Regular exercise is advocated in osteoporosis guidelines to prevent fractures. Few studies have evaluated the effect of exercise on functional performance, posture, and other outcomes that are important to patients after vertebral fractures.
This pilot study will explore the effect of home exercise versus control on functional performance, posture, and patient-reported outcome measures.
This study was a parallel 2-arm pilot feasibility trial with 1:1 randomization to exercise or attentional control groups.
This study took place in 5 Canadian and 2 Australian academic or community hospitals/centers.
This study included 141 women ≥65 years of age with radiographically confirmed vertebral fractures.
A physical therapist delivered exercise and behavioral counseling in 6 home visits over 8 months and monthly calls. Participants were to exercise ≥3 times weekly. Controls received equal attention.
Functional performance, posture, quality of life, pain, and behavior-change outcomes were assessed at baseline and after 6 (questionnaires only) and 12 months. Adherence to exercise was assessed by calendar diary. All t tests examined between-group mean differences (MD) in change from baseline in intention-to-treat and per-protocol analyses.

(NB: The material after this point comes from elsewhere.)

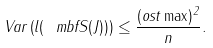Convert formula to latex. <formula><loc_0><loc_0><loc_500><loc_500>V a r \left ( l ( \ m b f { S } ( J ) ) \right ) \leq \frac { ( o s t \max ) ^ { 2 } } { n } .</formula> 
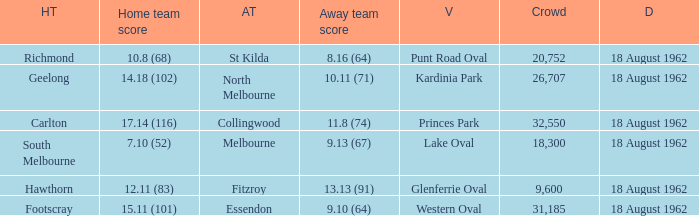Would you mind parsing the complete table? {'header': ['HT', 'Home team score', 'AT', 'Away team score', 'V', 'Crowd', 'D'], 'rows': [['Richmond', '10.8 (68)', 'St Kilda', '8.16 (64)', 'Punt Road Oval', '20,752', '18 August 1962'], ['Geelong', '14.18 (102)', 'North Melbourne', '10.11 (71)', 'Kardinia Park', '26,707', '18 August 1962'], ['Carlton', '17.14 (116)', 'Collingwood', '11.8 (74)', 'Princes Park', '32,550', '18 August 1962'], ['South Melbourne', '7.10 (52)', 'Melbourne', '9.13 (67)', 'Lake Oval', '18,300', '18 August 1962'], ['Hawthorn', '12.11 (83)', 'Fitzroy', '13.13 (91)', 'Glenferrie Oval', '9,600', '18 August 1962'], ['Footscray', '15.11 (101)', 'Essendon', '9.10 (64)', 'Western Oval', '31,185', '18 August 1962']]} What was the away team when the home team scored 10.8 (68)? St Kilda.

There was a small effect of exercise on 5 times sit-to-stand test versus control (MD = −1.58 [95% CI = −3.09 to −0.07], intention-to-treat; MD = −1.49 [95% CI = −3.12 to 0.16], per-protocol). There were no other major or statistically significant MDs for any other measured outcomes after follow-up. Adherence declined over time.
Treatment effects on variables may have been underestimated due to multiple comparisons and underpowered analyses.
Our exploratory estimate of the effect of exercise on functional leg muscle strength was consistent in direction and magnitude with other trials in individuals with vertebral fractures. Declining adherence to home exercise suggests that strategies to enhance long-term adherence might be important in future confirmatory trials.